We've talked before about the "art" of model building. Unsurprisingly, there are many approaches to model building, but here is one strategy — consisting of seven steps — that are commonly used when building a regression model.
-
The First Step
Decide on the type of model that is needed to achieve the goals of the study. In general, there are five reasons one might want to build a regression model. They are:
- For predictive reasons — that is, the model will be used to predict the response variable from a chosen set of predictors.
- For theoretical reasons — that is, the researcher wants to estimate a model based on a known theoretical relationship between the response and predictors.
- For control purposes — that is, the model will be used to control a response variable by manipulating the values of the predictor variables.
- For inferential reasons — that is, the model will be used to explore the strength of the relationships between the response and the predictors.
- For data summary reasons — that is, the model will be used merely as a way to summarize a large set of data by a single equation.
-
The Second Step
Decide which predictor variables and response variables on which to collect the data. Collect the data.
-
The Third Step
Explore the data. That is:
- On a univariate basis, check for outliers, gross data errors, and missing values.
- Study bivariate relationships to reveal other outliers, suggest possible transformations, and identify possible multicollinearities.
I can't possibly overemphasize the importance of this step. There's not a data analyst out there who hasn't made the mistake of skipping this step and later regretting it when a data point was found in error, thereby nullifying hours of work.
-
The Fourth Step
Randomly divide the data into a training set and a validation set:
- The training set, with at least 15-20 error degrees of freedom, is used to estimate the model.
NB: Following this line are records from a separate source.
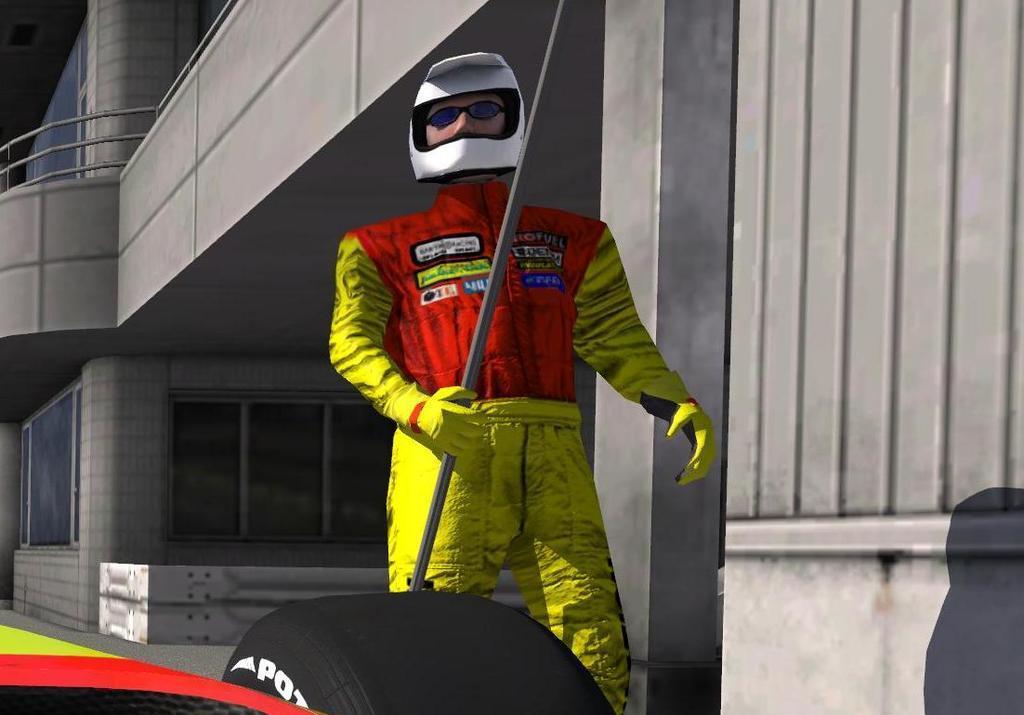Please provide a concise description of this image. This is an animation and here we can see a person wearing a helmet and holding a stick. In the background, there is a building and we can see railings. At the bottom, there is a vehicle on the road. 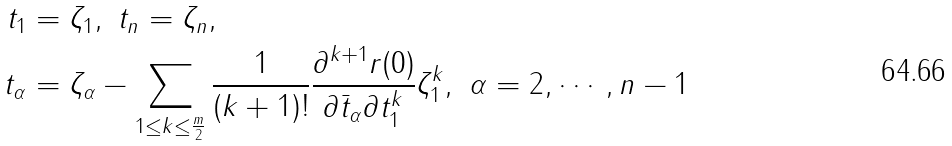Convert formula to latex. <formula><loc_0><loc_0><loc_500><loc_500>t _ { 1 } & = \zeta _ { 1 } , \ t _ { n } = \zeta _ { n } , \\ t _ { \alpha } & = \zeta _ { \alpha } - \sum _ { 1 \leq k \leq \frac { m } { 2 } } \frac { 1 } { ( k + 1 ) ! } \frac { \partial ^ { k + 1 } r ( 0 ) } { \partial \bar { t } _ { \alpha } \partial t _ { 1 } ^ { k } } \zeta _ { 1 } ^ { k } , \ \alpha = 2 , \cdots , n - 1</formula> 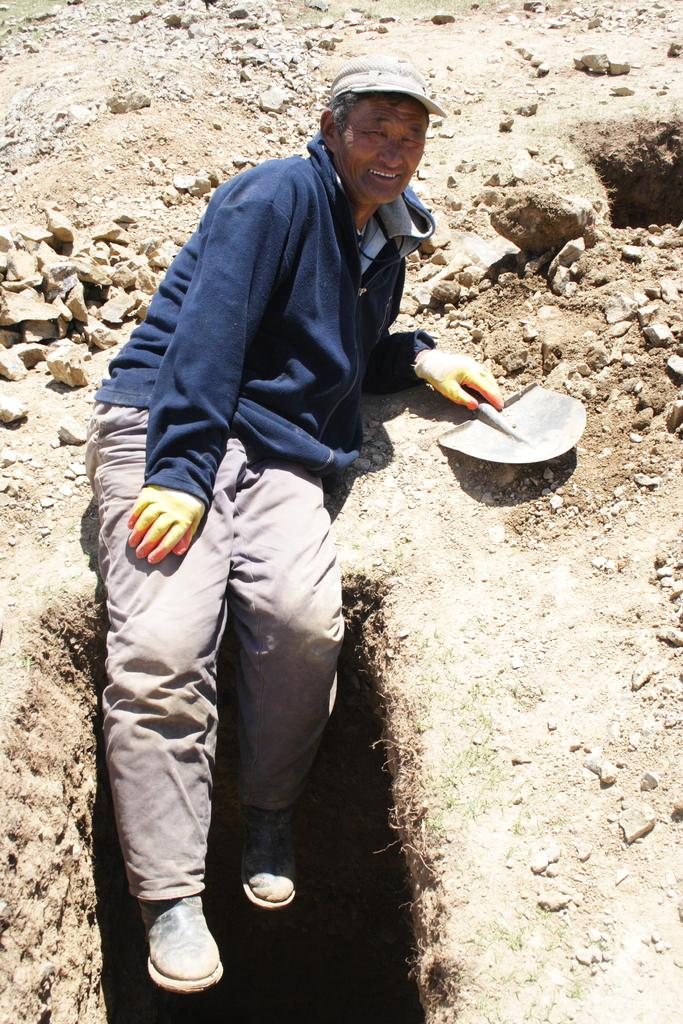Who is present in the image? There is a man in the image. What is the man doing in the image? The man is sitting on the ground. What object is the man holding in the image? The man is holding a shovel. What protective gear is the man wearing in the image? The man is wearing hand gloves. What type of terrain is visible in the image? There are stones and mud on the ground. What type of books can be seen in the library in the image? There is no library present in the image; it features a man sitting on the ground with a shovel and hand gloves. What kind of cast is visible on the man's arm in the image? There is no cast visible on the man's arm in the image; he is wearing hand gloves. 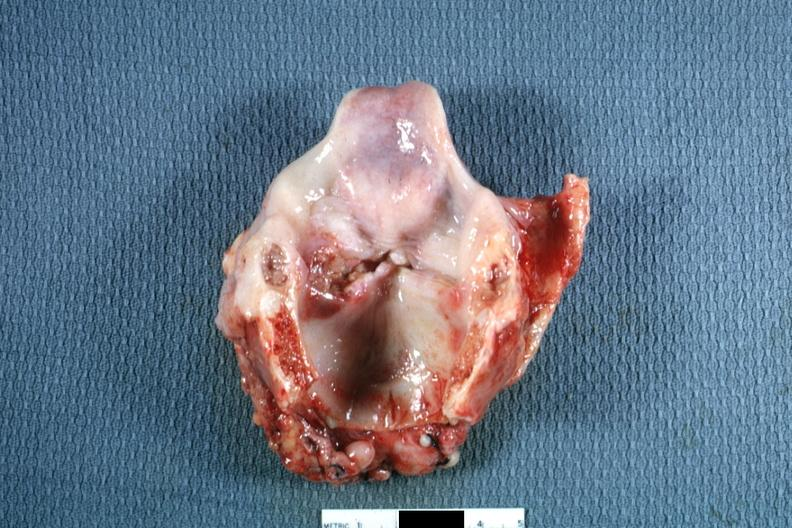what left true cord quite good?
Answer the question using a single word or phrase. Ulcerative lesion 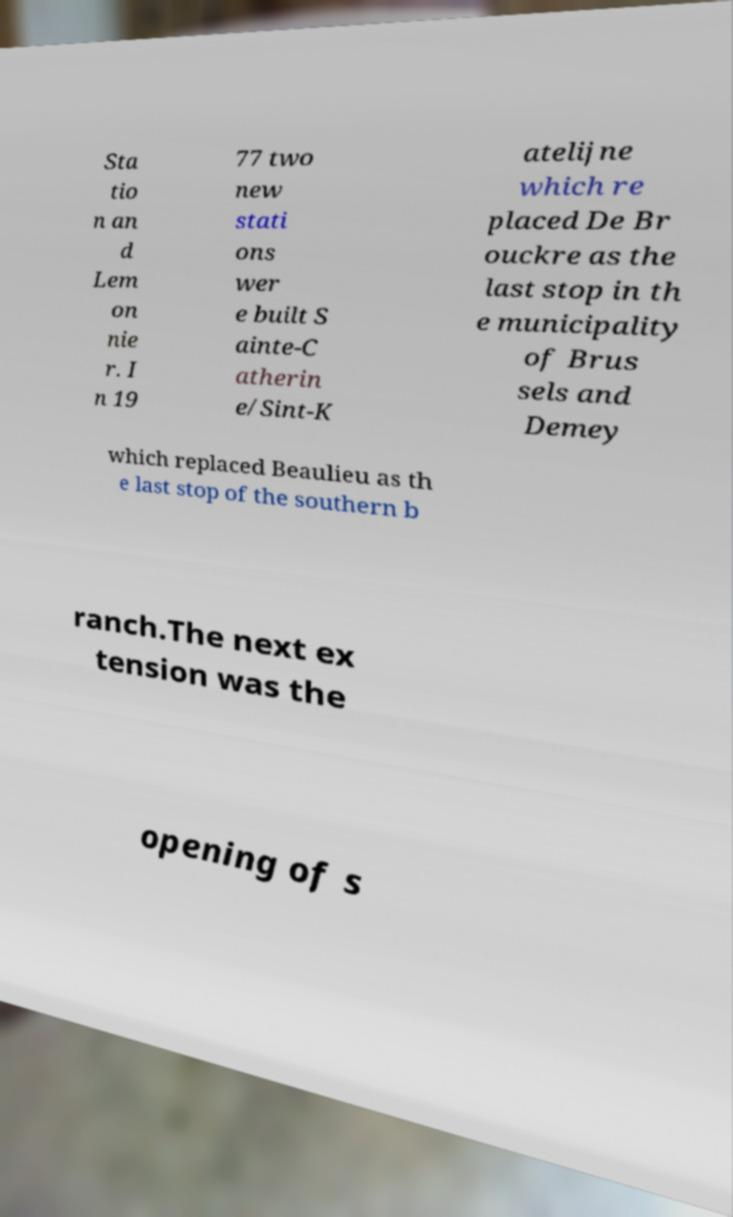For documentation purposes, I need the text within this image transcribed. Could you provide that? Sta tio n an d Lem on nie r. I n 19 77 two new stati ons wer e built S ainte-C atherin e/Sint-K atelijne which re placed De Br ouckre as the last stop in th e municipality of Brus sels and Demey which replaced Beaulieu as th e last stop of the southern b ranch.The next ex tension was the opening of s 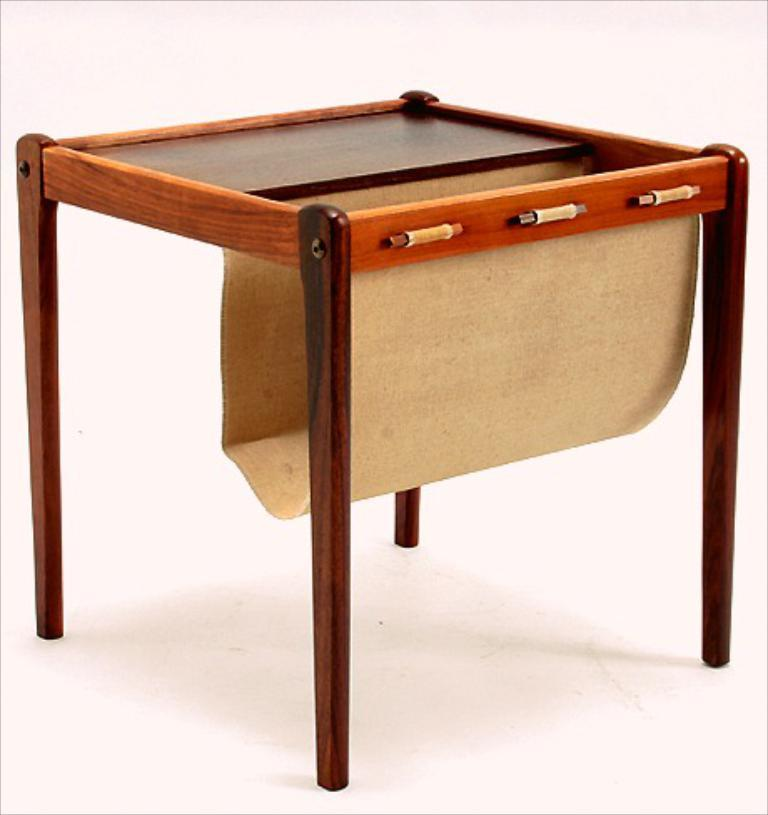What type of furniture is present in the image? There is a stool in the image. Where is the stool located in relation to the floor? The stool is kept on the floor. What color is the background behind the stool? The background of the stool is white. How does the stool attract the attention of the net in the image? There is no net present in the image, and therefore no interaction between the stool and a net can be observed. 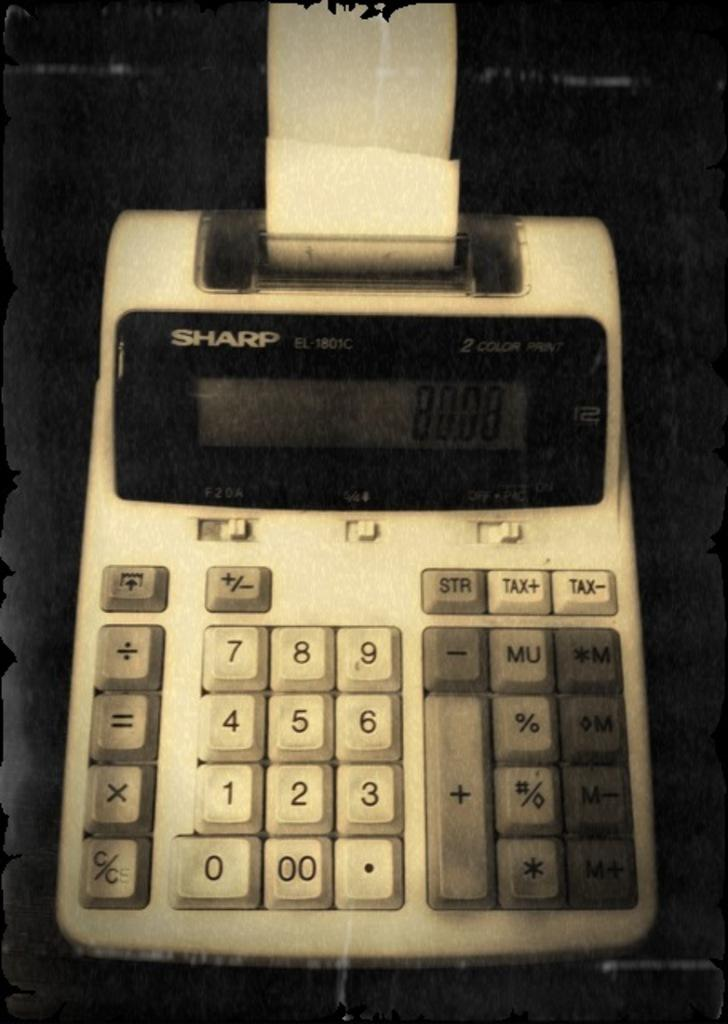<image>
Write a terse but informative summary of the picture. A Sharp brand printing calculator with paper in it. 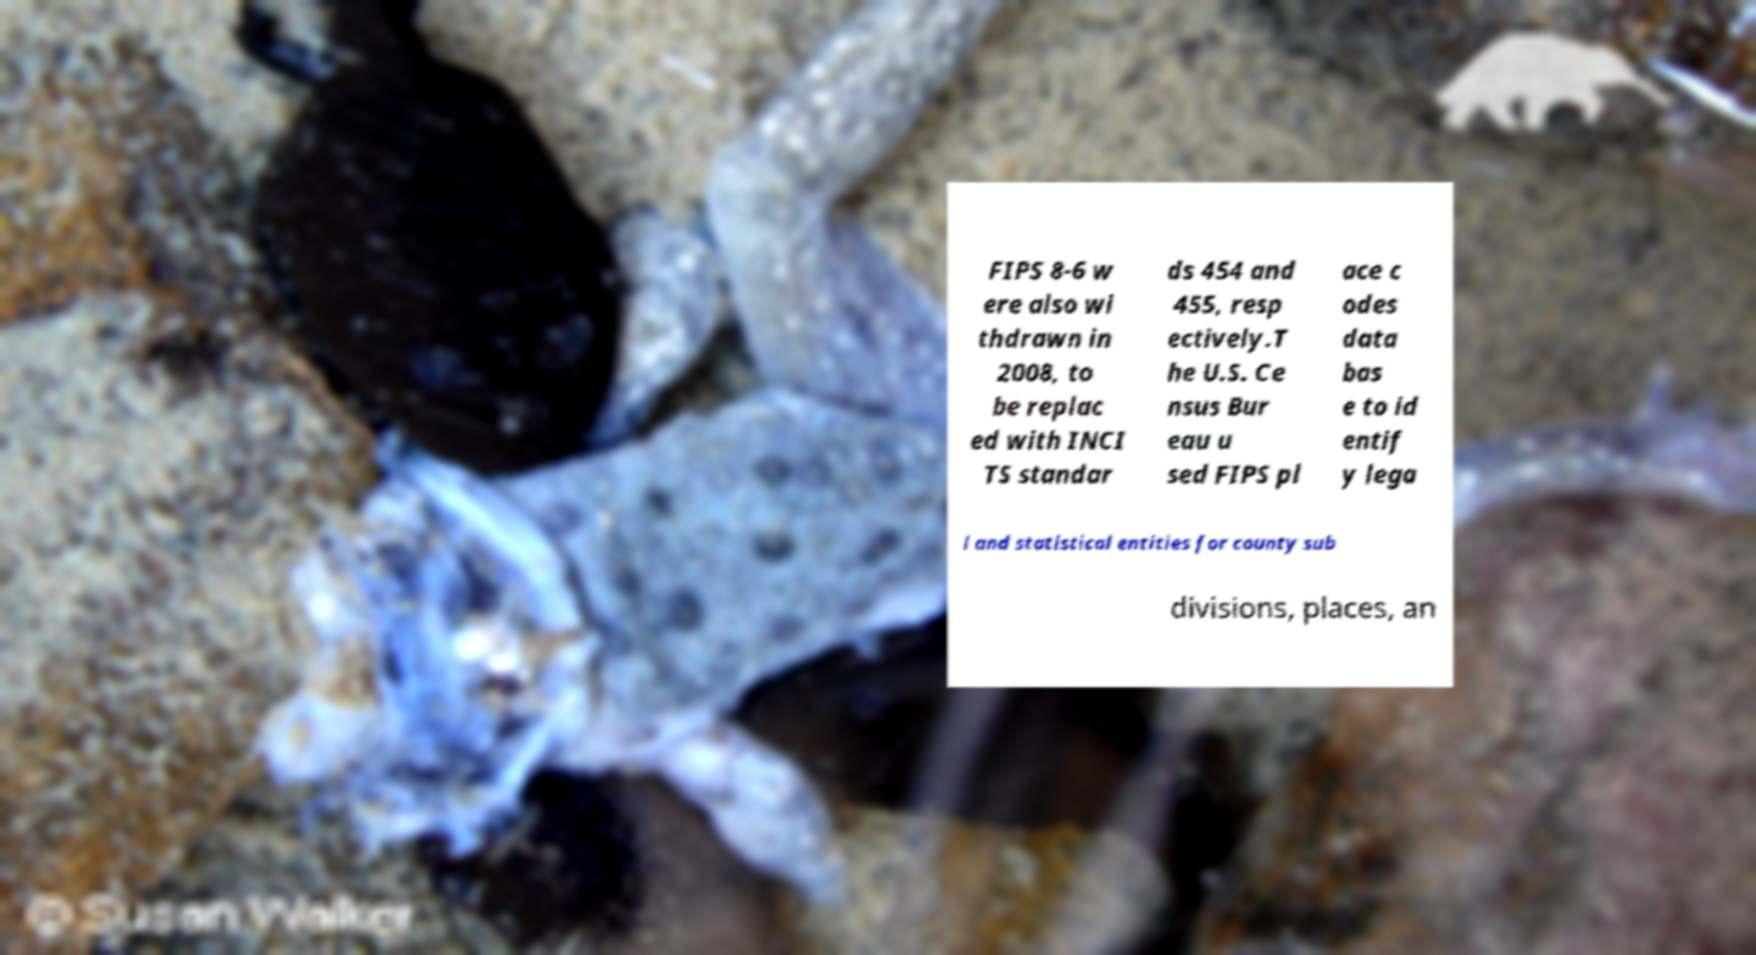I need the written content from this picture converted into text. Can you do that? FIPS 8-6 w ere also wi thdrawn in 2008, to be replac ed with INCI TS standar ds 454 and 455, resp ectively.T he U.S. Ce nsus Bur eau u sed FIPS pl ace c odes data bas e to id entif y lega l and statistical entities for county sub divisions, places, an

- The validation set is used for cross-validation of the fitted model.
-
The Fifth Step
Using the training set, identify several candidate models:
- Use best subsets regression.
- Use stepwise regression, which of course only yields one model unless different alpha-to-remove and alpha-to-enter values are specified.
-
The Sixth Step
Select and evaluate a few "good" models:
- Select the models based on the criteria we learned, as well as the number and nature of the predictors.
- Evaluate the selected models for violation of the model conditions.
- If none of the models provide a satisfactory fit, try something else, such as collecting more data, identifying different predictors, or formulating a different type of model.
-
The Seventh (and final step)
Select the final model:
- Compare the competing models by cross-validating them against the validation data.
- The model with a smaller mean square prediction error (or larger cross-validation \(R^{2}\)) is a better predictive model.
- Consider residual plots, outliers, parsimony, relevance, and ease of measurement of predictors.
And, most of all, don't forget that there is not necessarily only one good model for a given set of data. There might be a few equally satisfactory models.